Let Copilot cook the code for us
Now that we are all set up, we can finally start cooking the code to scrape the menu data from the cafeteria websites and extract the menu items using the Azure Foundry model.
Prompt away
1
2
3
4
5
6
7
8
9
10
11
12
13
14
15
16
17
18
19
20
21
22
23
24
25
26
27
28
29
30
31
32
33
I have a .env file with my API settings and a Excel file named Campus restaurant websites.xlsx Check these files and then:
Create a scrape.py script that
- loads the settings form the .env file.
- Read the Excel file and use the 'University' and 'url' columns.
- For each url, download the page and get readable text.
- Send the text to an AI model and ask it to extract menu info into JSON.
- For each menu item, include: scrape_date, url, menu_date, meal_type, meal_name, price_krw, university, restaurant_name.
- Meal type should be "breakfast", "lunch", "dinner" or "unknown" based on the information you found on the site.
- If the price is unknown, set price_krw to "".
- Keep going even if one website fails and also move on if a request. takes more than 5 seconds.
- Add results to a JSON line as soon as you have extracted the menu.
- Save the JSON lines to a file named results/menus-YYYY-MM-DD.jsonl.
- Use UV (e.g. UV add <pythonpackage>) to manage dependencies and virtual environment.
- Use httpx for making the HTTP requests and make sure to mimic a user agent to avoid being blocked by websites.
- Use the OpenAI API to extract menu information from the text. Use the endpoint and azure deployment from the .env file.

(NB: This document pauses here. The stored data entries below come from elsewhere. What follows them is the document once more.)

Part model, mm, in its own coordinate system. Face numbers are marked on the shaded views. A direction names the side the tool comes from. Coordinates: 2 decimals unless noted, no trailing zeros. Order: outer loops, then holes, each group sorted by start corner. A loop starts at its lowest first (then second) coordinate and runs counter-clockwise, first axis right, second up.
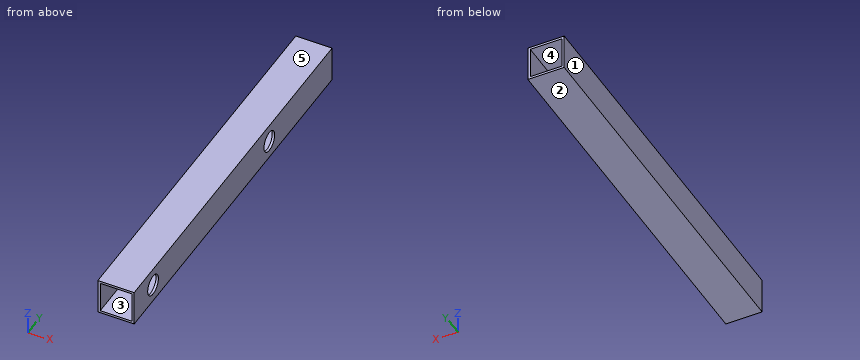
Autodesk Inventor part; units mm, degrees
ref_plane "YZ Plane" through (0, 0, 0) normal (1, 0, 0) x (0, 1, 0)
ref_plane "XZ Plane" through (0, 0, 0) normal (0, 1, 0) x (-1, 0, 0)
ref_plane "XY Plane" through (0, 0, 0) normal (0, 0, 1) x (1, 0, 0)
sketch "Sketch9" plane through (0, 0, 0) normal (0, 1, 0) x (-1, 0, 0)
  line L0 (15, 15) -> (-15, 15)
  line L1 (-15, 15) -> (-15, -15)
  line L2 (-15, -15) -> (15, -15)
  line L3 (15, -15) -> (15, 15)
  line L4 (15, 15) -> (-15, -15) construction
  line L5 (-15, 15) -> (15, -15) construction
  line L6 (-13, 13) -> (13, 13)
  line L7 (13, 13) -> (13, -13)
  line L8 (13, -13) -> (-13, -13)
  line L9 (-13, -13) -> (-13, 13)
  point P0 (0, 0)
  dimension "d172" = 30
  dimension "d173" = 30
  dimension "d174" = 2
extrude "Extrusion3" add sketch "Sketch9" against normal blind 315
sketch "Sketch10" plane through (0, 0, 0) normal (1, 0, 0) x (0, 1, 0)
  line L0 (0, 15) -> (0, -15) construction
  line L1 (0, 15) -> (-315, 15) construction
  line L2 (-315, -15) -> (-315, 15) construction
  line L3 (0, -15) -> (-315, -15) construction
  line L4 (-108.5, 8.5) -> (-91.5, 8.5)
  line L5 (-91.5, 8.5) -> (-91.5, -8.5)
  line L6 (-91.5, -8.5) -> (-108.5, -8.5)
  line L7 (-108.5, -8.5) -> (-108.5, 8.5)
  line L8 (-108.5, 8.5) -> (-91.5, -8.5) construction
  line L9 (-91.5, 8.5) -> (-108.5, -8.5) construction
  line L10 (-293.5, 8.5) -> (-276.5, 8.5)
  line L11 (-276.5, 8.5) -> (-276.5, -8.5)
  line L12 (-276.5, -8.5) -> (-293.5, -8.5)
  line L13 (-293.5, -8.5) -> (-293.5, 8.5)
  line L14 (-293.5, 8.5) -> (-276.5, -8.5) construction
  line L15 (-276.5, 8.5) -> (-293.5, -8.5) construction
  line L16 (-413.5, 8.5) -> (-396.5, 8.5)
  line L17 (-396.5, 8.5) -> (-396.5, -8.5)
  line L18 (-396.5, -8.5) -> (-413.5, -8.5)
  line L19 (-413.5, -8.5) -> (-413.5, 8.5)
  line L20 (-413.5, 8.5) -> (-396.5, -8.5) construction
  line L21 (-396.5, 8.5) -> (-413.5, -8.5) construction
  circle A0 centre (-470, 0) radius 8.5
  line L22 (0, 0) -> (30, 0)
  circle A1 centre (-100, 0) radius 8.5
  circle A2 centre (-285, 0) radius 8.5
  circle A3 centre (-405, 0) radius 8.5
  dimension "d177" = 17
  dimension "d178" = 17
  dimension "d181" = 30
  dimension "d182" = 130
  dimension "d183" = 315
  dimension "d184" = 435
  dimension "d185" = 500
  dimension "d186" = 17
extrude "Extrusion4" cut sketch "Sketch10" along normal through all contours A1 | A2
properties part number "SLM 1662 FDS 1000 way tube 2" material "Stainless Steel"
Q1. Which spindle directions (+Z, -Z, +X, -X, +Y, -Y) get a long thin tool onto all of the face, cutting with end or side? Do the marked faces 4 and 5. Say none if no direction does.
Results list:
face 4: +Y, -Y
face 5: +Z, +X, -X, +Y, -Y
Q2. Cut at A-A on x = 7.5. Write the cut outline in (y, z).
Results list:
outline: (-315, -15) - (0, -15) - (0, -13) - (-315, -13) - close; (-315, 13) - (0, 13) - (0, 15) - (-315, 15) - close
Q3. Cut at C-C on z = 0. Write the cut outline in (x, y).
Results list:
outline: (-15, -315) - (-13, -315) - (-13, 0) - (-15, 0) - close; (13, -315) - (15, -315) - (15, -293.5) - (13, -293.5) - close; (13, -276.5) - (15, -276.5) - (15, -108.5) - (13, -108.5) - close; (13, -91.5) - (15, -91.5) - (15, 0) - (13, 0) - close
Q4. Pin check, flat tip, straight feed: pin 1 Ø13.5 at (y, z) = (-285, 0) entering from +X. Stop position of the tip, or through.
Results list:
pin 1: stops at x = -13
Q5. Cut at D-D on y = -285. Write the cut outline in (x, z), and give its area (3 significant figures).
Results list:
outline: (-15, -15) - (15, -15) - (15, -8.5) - (13, -8.5) - (13, -13) - (-13, -13) - (-13, 13) - (13, 13) - (13, 8.5) - (15, 8.5) - (15, 15) - (-15, 15) - close
area: 190 mm2
Q6. Cut at B-B on y = -175. Write the cut outline in (x, z).
Results list:
outline: (-15, -15) - (15, -15) - (15, 15) - (-15, 15) - close; hole (-13, -13) - (13, -13) - (13, 13) - (-13, 13) - close
Q7. Wall check: line 1 along Y through (x, z) = (13.55, 0); line 2 along Z through (x, y) = (14.5, -100); line 3 along Z through (x, y) = (-10.75, -213.5). Give the ranges that are in metal, low to high.
Results list:
line 1: y = -315 to -293.5, -276.5 to -108.5, -91.5 to 0
line 2: z = -15 to -8.5, 8.5 to 15
line 3: z = -15 to -13, 13 to 15
Q8. Mould opens along Z. For the marked faces 1, 2 and 3 say: pulls with the +Z half, pulls with the -Z half, needs draft (parallel to the pull), parting line crosses it, or undercut.
Results list:
face 1: needs draft
face 2: pulls with the -Z half
face 3: undercut
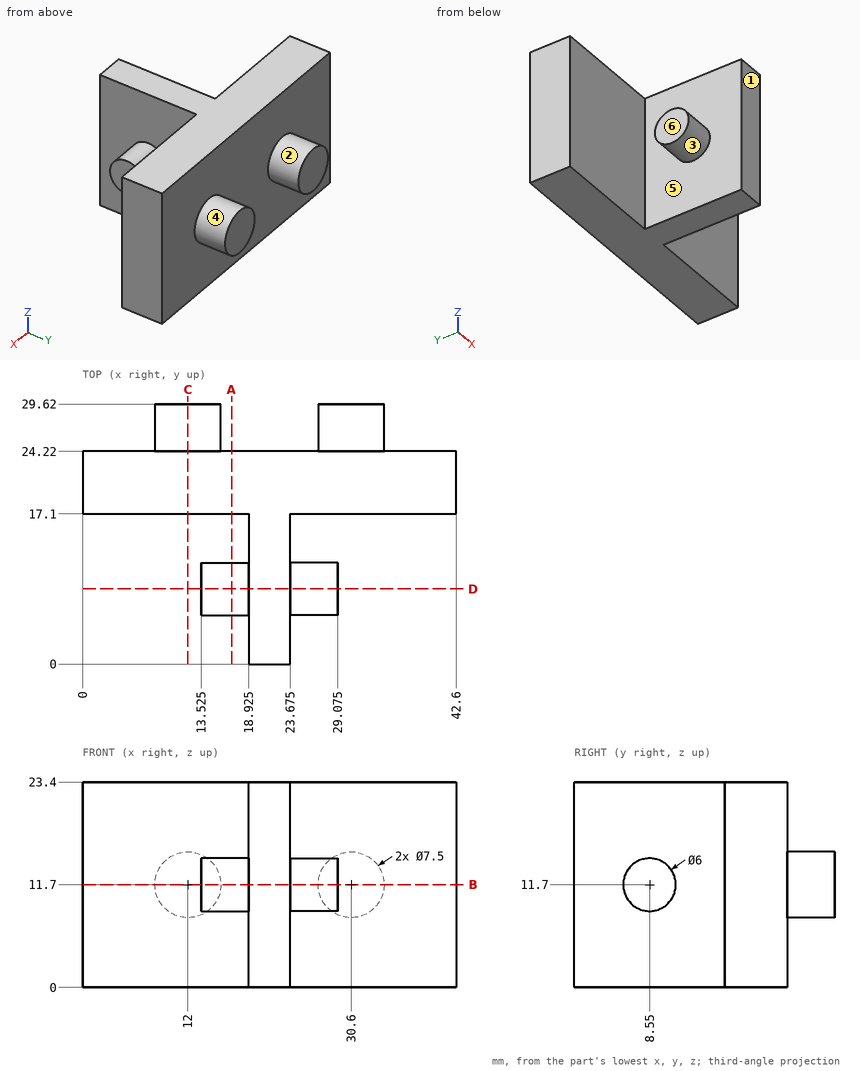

- Use loguru to log steps, items, progress and errors into a logs folder.
- Skip a site if it fails to load or takes more than 5 seconds, and log the error.
- Do not make records for empty or invalid meals.
- Do not add temperature or other custom parameters to the OpenAI API request.
- Make sure that meal name really is a meal name and not just a random text. If the AI model is not confident about the meal name, skip that item.
- One JSON object per menu item that looks like:
{
"scrape_date": "2024-06-01 12:00:00",
"url": "http://example.com/menu1",
"menu_date": "2024-06-01",
"meal_type": "Lunch",
"meal_name": "간장돼지불고기",
"price_krw": "5000",
"university": "SKKU",
"restaurant": "패컬티식당",
}
- Whenever asked for permissions, read the permissions carefully and click
Allow in this Sessionif you are comfortable with them. This will allow the Copilot Agent to access files, tools and run shell code in your project to complete the tasks.
Organize our changes and .gitignore
After we have cooked the code with the help of Copilot, we will have made a lot of changes to our project. We have added a new script, results and logs. Let’s go over the suggested changes for our commit and update our .gitignore file to keep our repository clean from results and logs.